5th Attorney General of the Alaska Territory
- In office 1941–1945
- Governor: Ernest Gruening
- Preceded by: James S. Truitt
- Succeeded by: Ralph Julian Rivers

President of the Alaska Senate
- In office January 27, 1941 – January 25, 1943
- Preceded by: Norman R. Walker
- Succeeded by: Orville Cochran

Member of the Alaska Senate from the 4th district
- In office March 3, 1913 – March 1, 1915 Serving with Daniel Sutherland
- Preceded by: Position Established
- Succeeded by: O.P. Gaustad

Member of the Alaska Senate from the 1st district
- In office January 14, 1935 – January 25, 1943 Serving with Norman R. Walker
- Preceded by: Allen Shattuck
- Succeeded by: Arthur P. Walker

Personal details
- Born: Henry Joseph Roden August 8, 1874 Basel, Switzerland
- Died: June 5, 1966 (aged 91) Seattle, Washington, U.S.
- Party: Democratic Independent

= Henry Roden =

Swiss born American prospector, lawyer and politician

Henry Joseph Roden (August 8, 1874 – June 5, 1966) was Swiss born American prospector, lawyer and politician who served as Attorney General of the Territory of Alaska as well as a member and subsequently president of the Alaska territorial senate.

==Biography==

Born in Basel in 1874 Roden arrived in Alaska as part of the Klondike Gold Rush, arriving in Rampart in the summer of 1898.

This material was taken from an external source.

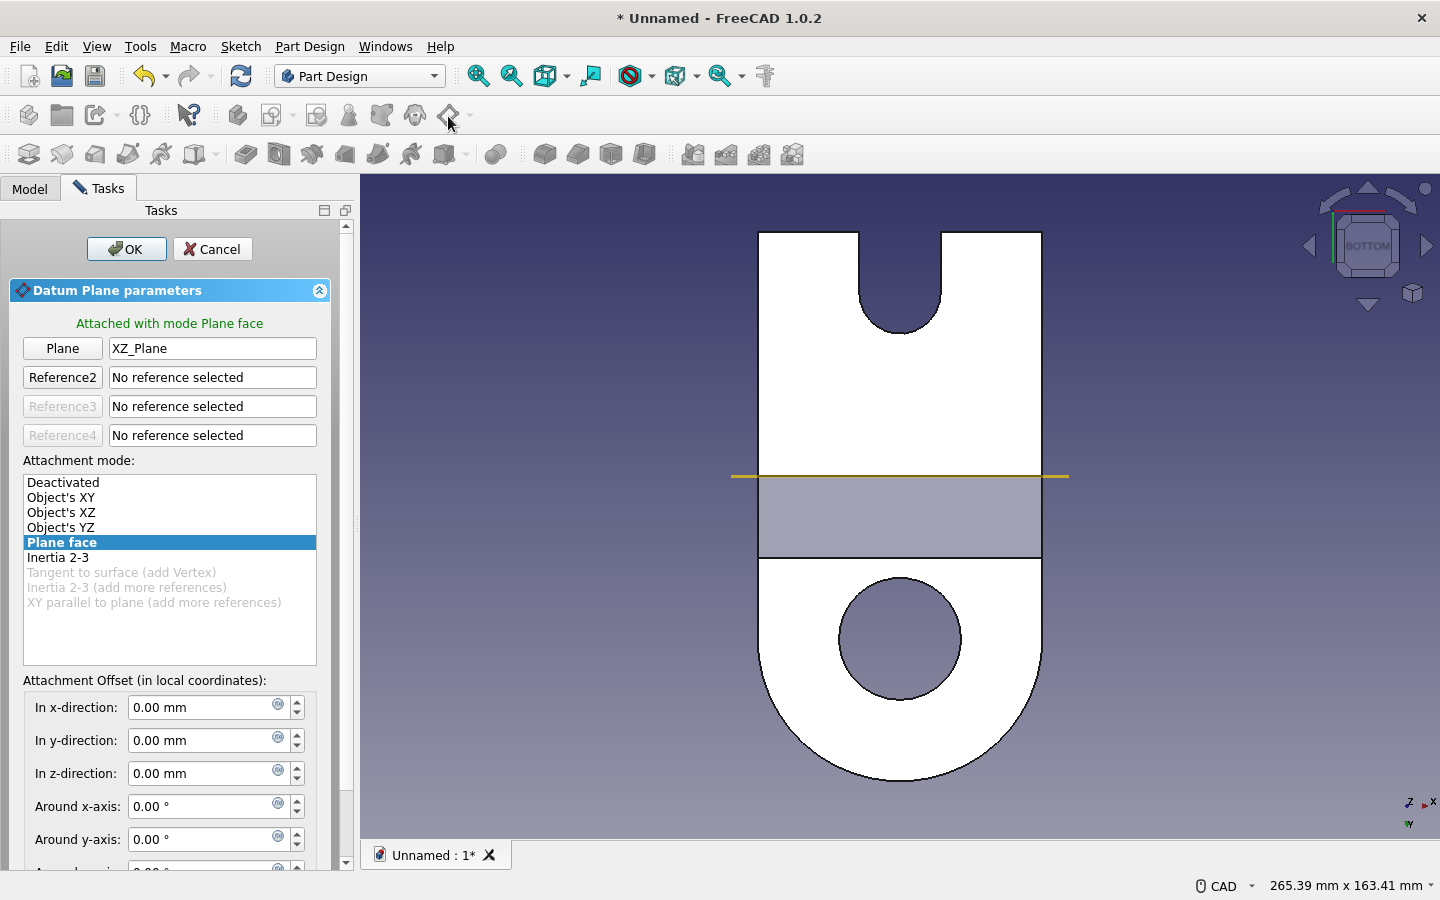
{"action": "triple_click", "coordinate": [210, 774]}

In 1902 he began independently studying law, eventually passing the Alaska Bar exam in 1906 and served as assistant US Attorney in Fairbanks, assistant US Attorney in Iditarod and as City Attorney of Iditarod.

He was elected to the first Alaska territorial legislature in 1913 and was subsequently re-elected as part of the 12th legislature in 1935 and remained a Senator until the 15th legislature in 1941 when he served as Senate President. In 1941 he became Attorney general for the state of Alaska, a position which he held until 1944, when he stood unsuccessfully as the Democratic candidate for the Alaskan representative to the US Congress.

Throughout this time Roden maintained interests in mining. In 1919 he and others incorporated the Admiralty Alaska Gold Mining Company with himself as president, which controlled a mine in Funter Bay; in 1942 he was still an officer of the mining company, and following the start of the Aleutian Islands campaign and the evacuation of the Aleutian and Pribilof Islands the mine was leased to the US government to house some of the evacuees. As Attorney general in 1943 he inspected the mine and wrote a letter to Governor Ernest Gruening expressing concern about the situation.